10 | sqlalchemy = "*"
11 | 
12 | [dev-packages]
13 | 
14 | [requires]
15 | python_version = "3.9"
16 | 


--------------------------------------------------------------------------------
/indexing.py:
--------------------------------------------------------------------------------
  1 | import os
  2 | import sys
  3 | from datetime import datetime
  4 | from oauth2client.service_account import ServiceAccountCredentials
  5 | from googleapiclient.discovery import build
  6 | from googleapiclient.http import BatchHttpRequest
  7 | import httplib2
  8 | from sqlalchemy import create_engine, Boolean, Column, DateTime, Integer, String, func
  9 | from sqlalchemy.orm import sessionmaker
 10 | from sqlalchemy.orm import declarative_base
 11 | from datetime import datetime, timedelta
 12 | 
 13 | Base = declarative_base()
 14 | 
 15 | class URL(Base):
 16 |     __tablename__ = 'urls'
 17 | 
 18 |     id = Column(Integer, primary_key=True)

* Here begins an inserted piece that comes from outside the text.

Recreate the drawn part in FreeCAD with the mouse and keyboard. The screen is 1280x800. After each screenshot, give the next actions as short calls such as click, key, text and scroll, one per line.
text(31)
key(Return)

 19 |     url = Column(String, unique=True, nullable=False)
 20 |     last_submitted = Column(DateTime, nullable=True)
 21 |     index_checked_date = Column(DateTime, nullable=True)

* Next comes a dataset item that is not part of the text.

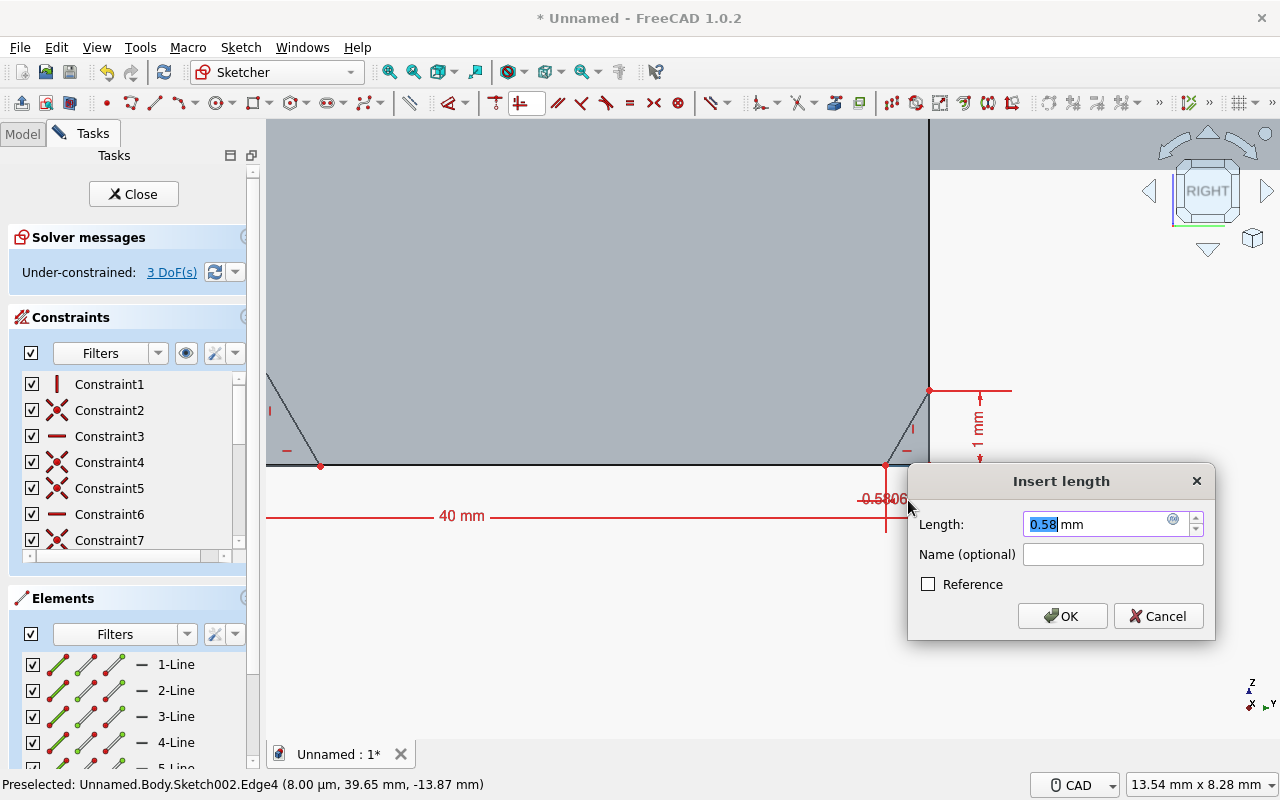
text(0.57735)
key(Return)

 22 |     is_indexed = Column(Boolean, default=False)
 23 |     
 24 | class Quota(Base):
 25 |     __tablename__ = 'quota'
 26 | 
 27 |     id = Column(Integer, primary_key=True)
 28 |     date = Column(String, nullable=False)
 29 |     count = Column(Integer, nullable=False)
 30 | 
 31 | class Log(Base):
 32 |     __tablename__ = 'logs'
 33 | 
 34 |     id = Column(Integer, primary_key=True)
 35 |     timestamp = Column(DateTime, default=datetime.utcnow)
 36 |     log_type = Column(String, nullable=False)
 37 |     message = Column(String, nullable=False)
 38 | 
 39 | class BulkIndexer:
 40 |     def __init__(self):
 41 |         """
 42 |         Initialize the BulkIndexer class.
 43 |         """
 44 |         self.engine = create_engine('sqlite:///database.db')
 45 |         Base.metadata.create_all(self.engine)
 46 |         self.Session = sessionmaker(bind=self.engine)
 47 |         
 48 |         scopes = ['https://www.googleapis.com/auth/indexing']
 49 |         credentials = ServiceAccountCredentials.from_json_keyfile_name('credentials.json', scopes=scopes)
 50 |         http = credentials.authorize(httplib2.Http())
 51 |         self.service = build('indexing', 'v3', http=http)
 52 |         self.urls = self.load_urls()
 53 |         self.quota = self.get_quota()
 54 | 
 55 |     def index(self):
 56 |         """
 57 |         Index all URLs in the database, up to the daily quota limit.
 58 |         """
 59 |         batch = self.service.new_batch_http_request(callback=self.insert_event)
 60 |         for url in self.urls:
 61 |             if self.quota >= 200:
 62 |                 print('Quota exceeded. Please try again tomorrow.')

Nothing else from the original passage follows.